Repurposing a megasynthase biocatalyst towards the production of industrial surfactants

Abstract

In Nature, thousands of diverse, bioactive polyketides are assembled by a family of multifunctional “assembly line” enzyme complexes called polyketide synthases (PKS). Since the discovery of 6-deoxyerythronolide B synthase (DEBS) in the late 20th century, many attempts have been made to decode, re-arrange and “re-programme” the PKS assembly line to generate value chemicals such as biofuels and platform chemicals.
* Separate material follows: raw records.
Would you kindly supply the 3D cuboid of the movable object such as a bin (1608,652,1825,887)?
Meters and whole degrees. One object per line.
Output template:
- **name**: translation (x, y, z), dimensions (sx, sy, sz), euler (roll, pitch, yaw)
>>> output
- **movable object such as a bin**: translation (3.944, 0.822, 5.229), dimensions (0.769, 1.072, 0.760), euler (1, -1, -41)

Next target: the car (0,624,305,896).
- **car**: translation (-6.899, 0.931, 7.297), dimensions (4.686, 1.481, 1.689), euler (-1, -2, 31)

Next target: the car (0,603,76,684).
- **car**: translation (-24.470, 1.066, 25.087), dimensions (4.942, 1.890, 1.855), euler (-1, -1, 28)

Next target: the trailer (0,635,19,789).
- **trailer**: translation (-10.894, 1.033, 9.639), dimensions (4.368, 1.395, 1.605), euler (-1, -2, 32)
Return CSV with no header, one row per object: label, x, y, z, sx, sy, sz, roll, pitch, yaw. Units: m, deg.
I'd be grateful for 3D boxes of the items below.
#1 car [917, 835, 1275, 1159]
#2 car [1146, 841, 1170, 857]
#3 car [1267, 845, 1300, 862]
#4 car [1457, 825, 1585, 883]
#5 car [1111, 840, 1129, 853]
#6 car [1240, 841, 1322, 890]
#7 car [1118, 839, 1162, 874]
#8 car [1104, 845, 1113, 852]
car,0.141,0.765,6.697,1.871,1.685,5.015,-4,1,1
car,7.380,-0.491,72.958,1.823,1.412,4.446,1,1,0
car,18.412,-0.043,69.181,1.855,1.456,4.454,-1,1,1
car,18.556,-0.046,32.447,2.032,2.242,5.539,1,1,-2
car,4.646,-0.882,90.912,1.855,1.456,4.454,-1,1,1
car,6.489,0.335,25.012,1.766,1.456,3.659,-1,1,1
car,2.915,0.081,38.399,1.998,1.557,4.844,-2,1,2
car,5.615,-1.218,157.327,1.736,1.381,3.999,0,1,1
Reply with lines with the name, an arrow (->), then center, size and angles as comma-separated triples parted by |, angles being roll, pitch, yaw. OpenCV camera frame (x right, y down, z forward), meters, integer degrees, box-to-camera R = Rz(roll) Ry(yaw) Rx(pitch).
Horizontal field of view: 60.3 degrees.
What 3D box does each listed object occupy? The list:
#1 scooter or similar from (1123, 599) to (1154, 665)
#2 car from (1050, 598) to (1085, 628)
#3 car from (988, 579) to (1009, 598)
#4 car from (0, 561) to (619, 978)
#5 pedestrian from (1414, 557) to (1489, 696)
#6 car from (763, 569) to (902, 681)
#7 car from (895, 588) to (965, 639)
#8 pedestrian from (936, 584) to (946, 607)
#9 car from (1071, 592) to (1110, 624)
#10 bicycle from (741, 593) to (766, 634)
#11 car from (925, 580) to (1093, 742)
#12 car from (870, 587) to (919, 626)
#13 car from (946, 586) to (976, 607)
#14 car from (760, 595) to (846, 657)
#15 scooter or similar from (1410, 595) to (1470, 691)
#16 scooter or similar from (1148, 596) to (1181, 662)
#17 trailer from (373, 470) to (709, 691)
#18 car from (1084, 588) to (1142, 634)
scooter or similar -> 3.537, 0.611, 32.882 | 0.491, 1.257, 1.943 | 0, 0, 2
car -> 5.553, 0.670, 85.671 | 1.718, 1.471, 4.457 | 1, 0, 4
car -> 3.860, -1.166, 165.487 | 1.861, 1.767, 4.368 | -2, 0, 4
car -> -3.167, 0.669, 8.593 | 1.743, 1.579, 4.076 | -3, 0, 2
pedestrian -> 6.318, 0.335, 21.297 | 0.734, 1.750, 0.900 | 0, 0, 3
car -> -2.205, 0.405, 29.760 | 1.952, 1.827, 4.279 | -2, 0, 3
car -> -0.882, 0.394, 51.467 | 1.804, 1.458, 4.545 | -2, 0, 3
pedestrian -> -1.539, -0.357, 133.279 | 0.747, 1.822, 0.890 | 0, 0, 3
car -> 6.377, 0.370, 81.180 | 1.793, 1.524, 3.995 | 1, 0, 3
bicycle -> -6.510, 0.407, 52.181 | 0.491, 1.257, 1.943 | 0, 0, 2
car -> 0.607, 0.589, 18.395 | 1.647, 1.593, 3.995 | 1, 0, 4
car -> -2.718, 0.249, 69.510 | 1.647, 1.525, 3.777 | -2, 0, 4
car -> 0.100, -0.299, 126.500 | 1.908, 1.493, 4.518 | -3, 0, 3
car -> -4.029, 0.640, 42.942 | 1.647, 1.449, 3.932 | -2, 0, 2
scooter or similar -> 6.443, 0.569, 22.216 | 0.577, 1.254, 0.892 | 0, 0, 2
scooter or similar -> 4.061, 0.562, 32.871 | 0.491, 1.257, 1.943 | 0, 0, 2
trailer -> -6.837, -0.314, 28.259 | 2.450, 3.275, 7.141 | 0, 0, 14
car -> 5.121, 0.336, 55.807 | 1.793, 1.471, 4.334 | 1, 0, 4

Here, the first module from the MtPKS12 (hereby termed [M₁]) was repurposed towards the production of 2-methyltetradecanol (2-MTDOL), a valuable lubricant with wide applications in industry. Following a bottom-up, deconstructive study of the 440 kDa fully-reducing megasynthase, MtPKS12 [M1] was shown to condense 2(S)-methylmalonyl-CoA with C₁₂-CoA in a single-turnover assay to produce a 2-methyltetradecyl (2-MTD) scaffold, an important intermediate towards 2- MTDOL. The synthetic utility of MtPKS12 was further demonstrated with the successful production of C₁₃-C₂₁ methyl-branched scaffolds using C₁₀-C₁₈-CoA substrates. Following this, three trans-acting auxiliary enzymes (MtPapA5, UcFatB and the Mycobacterial protein Rv2047c) were investigated for the enzymatic release of polyketide products from MtPKS12. All three candidates presented significant barriers ranging from a lack of crosstalk to insolubility. The investigation concluded with the successful utilisation of ketosynthase (KS) – sourced from MtPKS12 module 2 ([M₂]) – to untether intermediates from MtPKS12 [M₁]. By exploiting the mutual recognition between the two MtPKS12 modules, the 2-MTD scaffold was hydrolysed to produce 2-methyltetradecanoic acid (2-MTDA). The challenge remains to improve substrate and intermediate flux through the PKS to benefit product titres, which presently remains very low. The study herein demonstrates the feasibility of repurposing a fully-reducing PKS module towards the manufacture of useful 2,2-dialkyl chemicals.